• _EXERCISE REQUIREMENTS_: In the copy you make, keep each entry exactly as it is and leave out all images.

*** Opening TASK INPUT ***

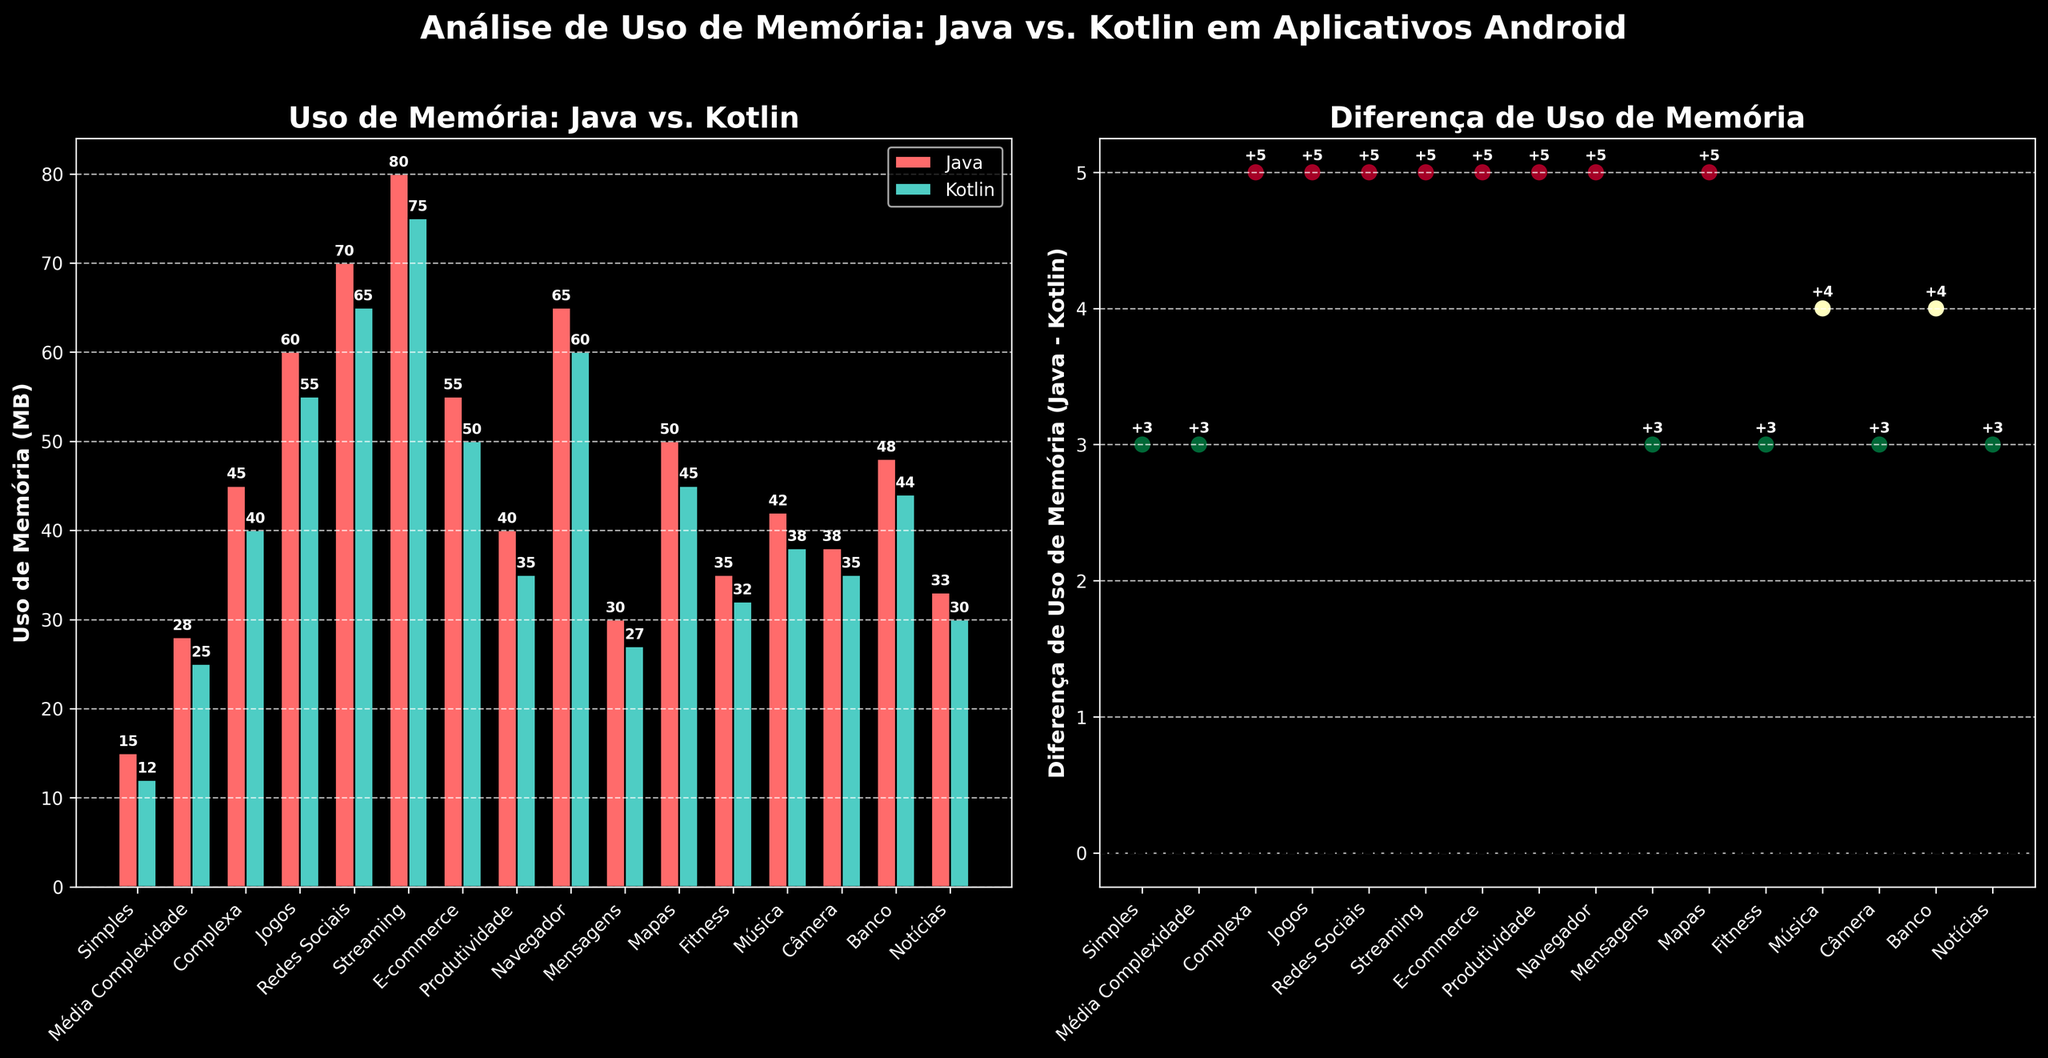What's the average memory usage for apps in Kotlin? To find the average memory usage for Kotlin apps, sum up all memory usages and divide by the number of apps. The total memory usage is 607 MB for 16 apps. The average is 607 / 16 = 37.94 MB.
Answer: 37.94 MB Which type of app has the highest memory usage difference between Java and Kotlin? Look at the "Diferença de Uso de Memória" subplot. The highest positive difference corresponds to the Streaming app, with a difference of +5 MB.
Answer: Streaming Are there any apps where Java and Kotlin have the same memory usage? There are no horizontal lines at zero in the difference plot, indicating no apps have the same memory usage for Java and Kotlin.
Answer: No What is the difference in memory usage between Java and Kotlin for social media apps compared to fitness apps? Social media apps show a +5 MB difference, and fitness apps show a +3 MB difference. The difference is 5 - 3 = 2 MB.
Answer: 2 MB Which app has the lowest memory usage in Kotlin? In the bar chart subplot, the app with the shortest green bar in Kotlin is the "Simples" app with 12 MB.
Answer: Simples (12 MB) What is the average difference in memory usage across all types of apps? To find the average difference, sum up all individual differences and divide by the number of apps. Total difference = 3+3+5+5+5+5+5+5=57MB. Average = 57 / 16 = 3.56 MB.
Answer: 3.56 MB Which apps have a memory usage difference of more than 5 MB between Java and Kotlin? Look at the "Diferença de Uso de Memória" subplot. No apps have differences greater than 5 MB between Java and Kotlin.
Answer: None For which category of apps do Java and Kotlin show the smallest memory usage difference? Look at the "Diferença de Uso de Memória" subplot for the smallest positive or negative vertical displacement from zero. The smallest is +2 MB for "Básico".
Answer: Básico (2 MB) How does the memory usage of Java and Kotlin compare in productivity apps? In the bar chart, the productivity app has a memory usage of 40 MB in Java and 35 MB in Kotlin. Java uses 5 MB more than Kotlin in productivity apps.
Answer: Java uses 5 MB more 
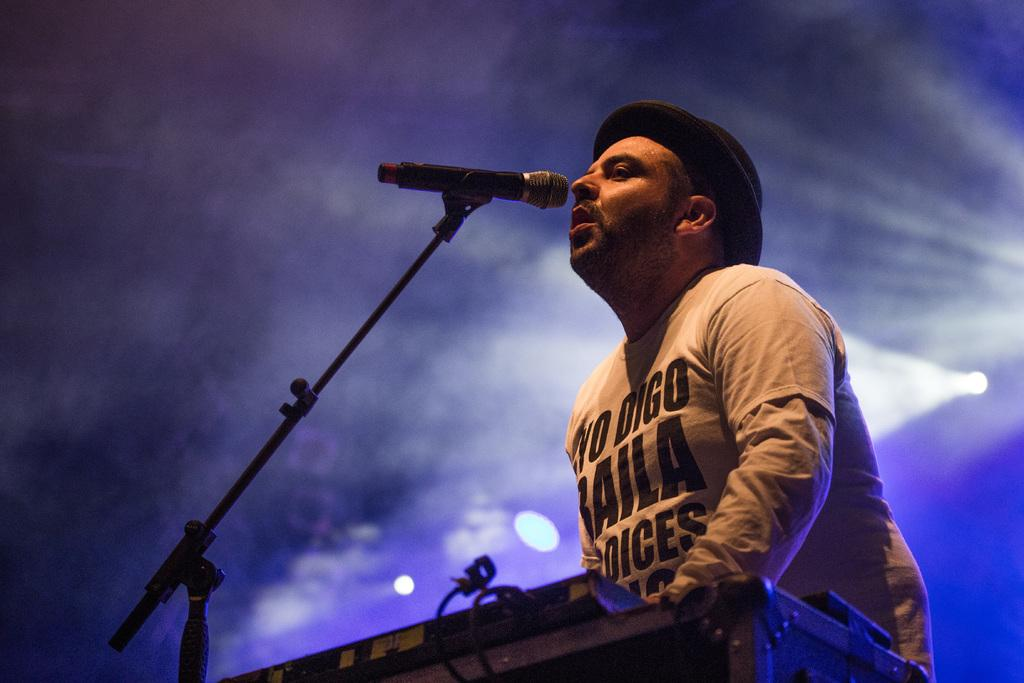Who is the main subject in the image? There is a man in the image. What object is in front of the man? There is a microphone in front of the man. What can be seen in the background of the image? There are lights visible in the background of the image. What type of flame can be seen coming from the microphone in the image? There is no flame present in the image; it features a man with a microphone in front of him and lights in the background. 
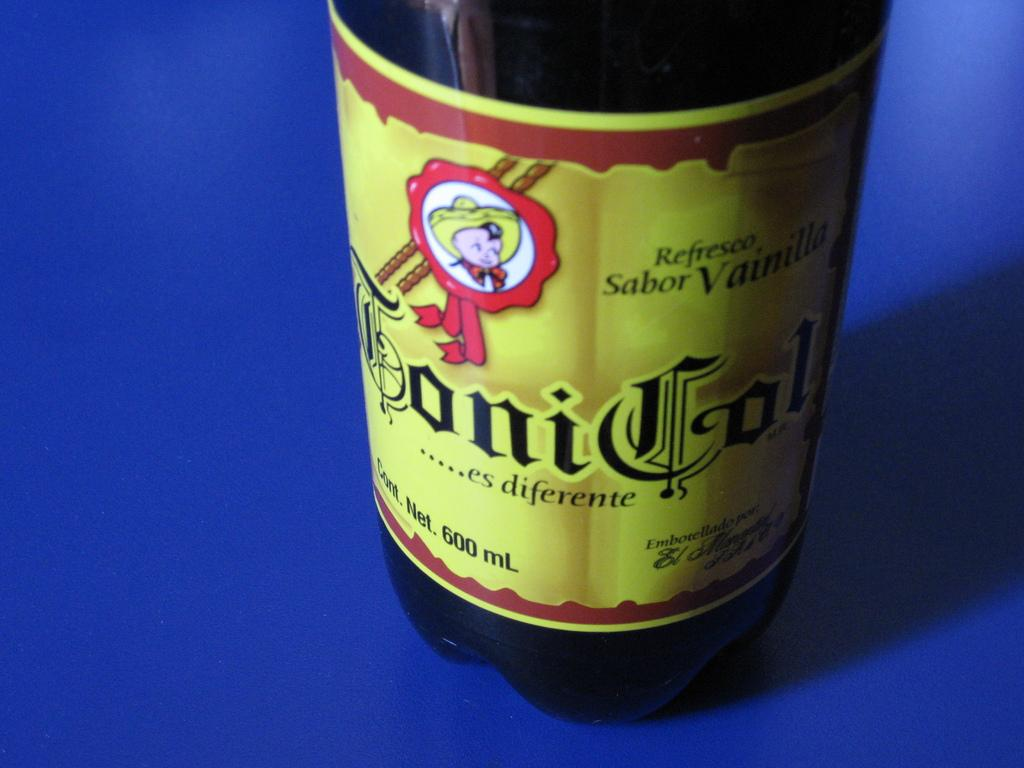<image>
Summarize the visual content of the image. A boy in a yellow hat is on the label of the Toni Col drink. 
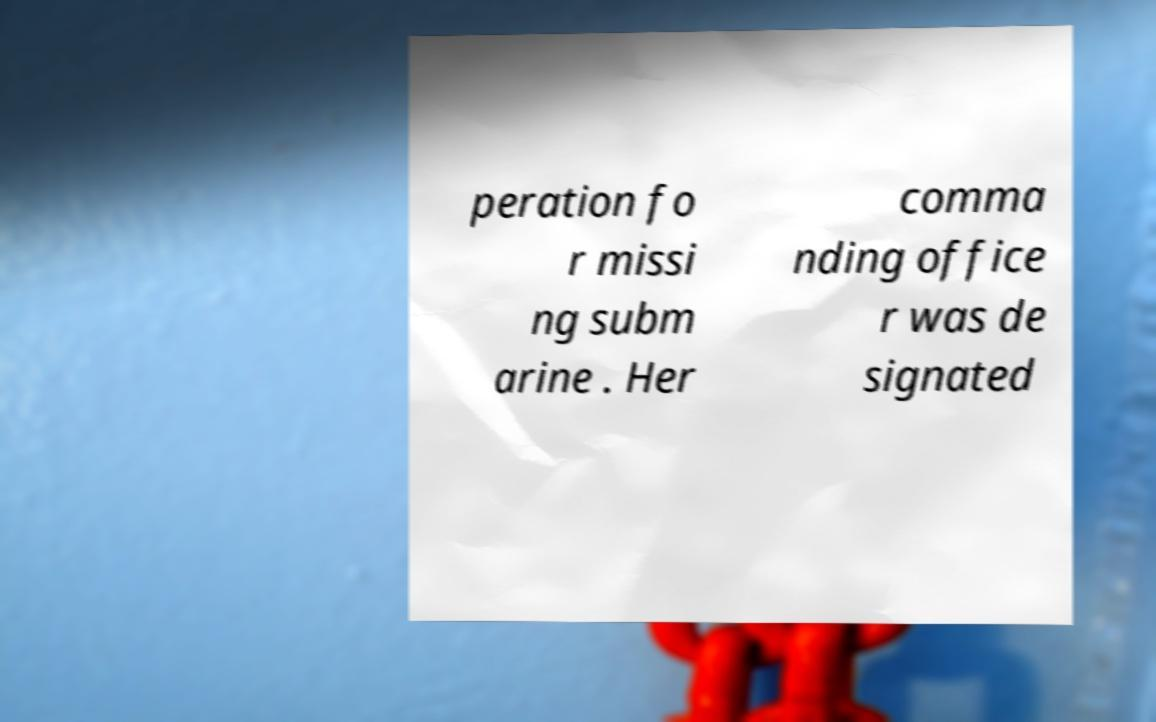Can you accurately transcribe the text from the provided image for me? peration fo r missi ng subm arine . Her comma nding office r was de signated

*** Closing TASK INPUT ***

• _TASK SOLUTION_:
What's the average memory usage for apps in Kotlin? To find the average memory usage for Kotlin apps, sum up all memory usages and divide by the number of apps. The total memory usage is 607 MB for 16 apps. The average is 607 / 16 = 37.94 MB.
Answer: 37.94 MB Which type of app has the highest memory usage difference between Java and Kotlin? Look at the "Diferença de Uso de Memória" subplot. The highest positive difference corresponds to the Streaming app, with a difference of +5 MB.
Answer: Streaming Are there any apps where Java and Kotlin have the same memory usage? There are no horizontal lines at zero in the difference plot, indicating no apps have the same memory usage for Java and Kotlin.
Answer: No What is the difference in memory usage between Java and Kotlin for social media apps compared to fitness apps? Social media apps show a +5 MB difference, and fitness apps show a +3 MB difference. The difference is 5 - 3 = 2 MB.
Answer: 2 MB Which app has the lowest memory usage in Kotlin? In the bar chart subplot, the app with the shortest green bar in Kotlin is the "Simples" app with 12 MB.
Answer: Simples (12 MB) What is the average difference in memory usage across all types of apps? To find the average difference, sum up all individual differences and divide by the number of apps. Total difference = 3+3+5+5+5+5+5+5=57MB. Average = 57 / 16 = 3.56 MB.
Answer: 3.56 MB Which apps have a memory usage difference of more than 5 MB between Java and Kotlin? Look at the "Diferença de Uso de Memória" subplot. No apps have differences greater than 5 MB between Java and Kotlin.
Answer: None For which category of apps do Java and Kotlin show the smallest memory usage difference? Look at the "Diferença de Uso de Memória" subplot for the smallest positive or negative vertical displacement from zero. The smallest is +2 MB for "Básico".
Answer: Básico (2 MB) How does the memory usage of Java and Kotlin compare in productivity apps? In the bar chart, the productivity app has a memory usage of 40 MB in Java and 35 MB in Kotlin. Java uses 5 MB more than Kotlin in productivity apps.
Answer: Java uses 5 MB more 
Who is the main subject in the image? There is a man in the image. What object is in front of the man? There is a microphone in front of the man. What can be seen in the background of the image? There are lights visible in the background of the image. What type of flame can be seen coming from the microphone in the image? There is no flame present in the image; it features a man with a microphone in front of him and lights in the background. 
<image>
Summarize the visual content of the image. A boy in a yellow hat is on the label of the Toni Col drink. 
Can you accurately transcribe the text from the provided image for me? peration fo r missi ng subm arine . Her comma nding office r was de signated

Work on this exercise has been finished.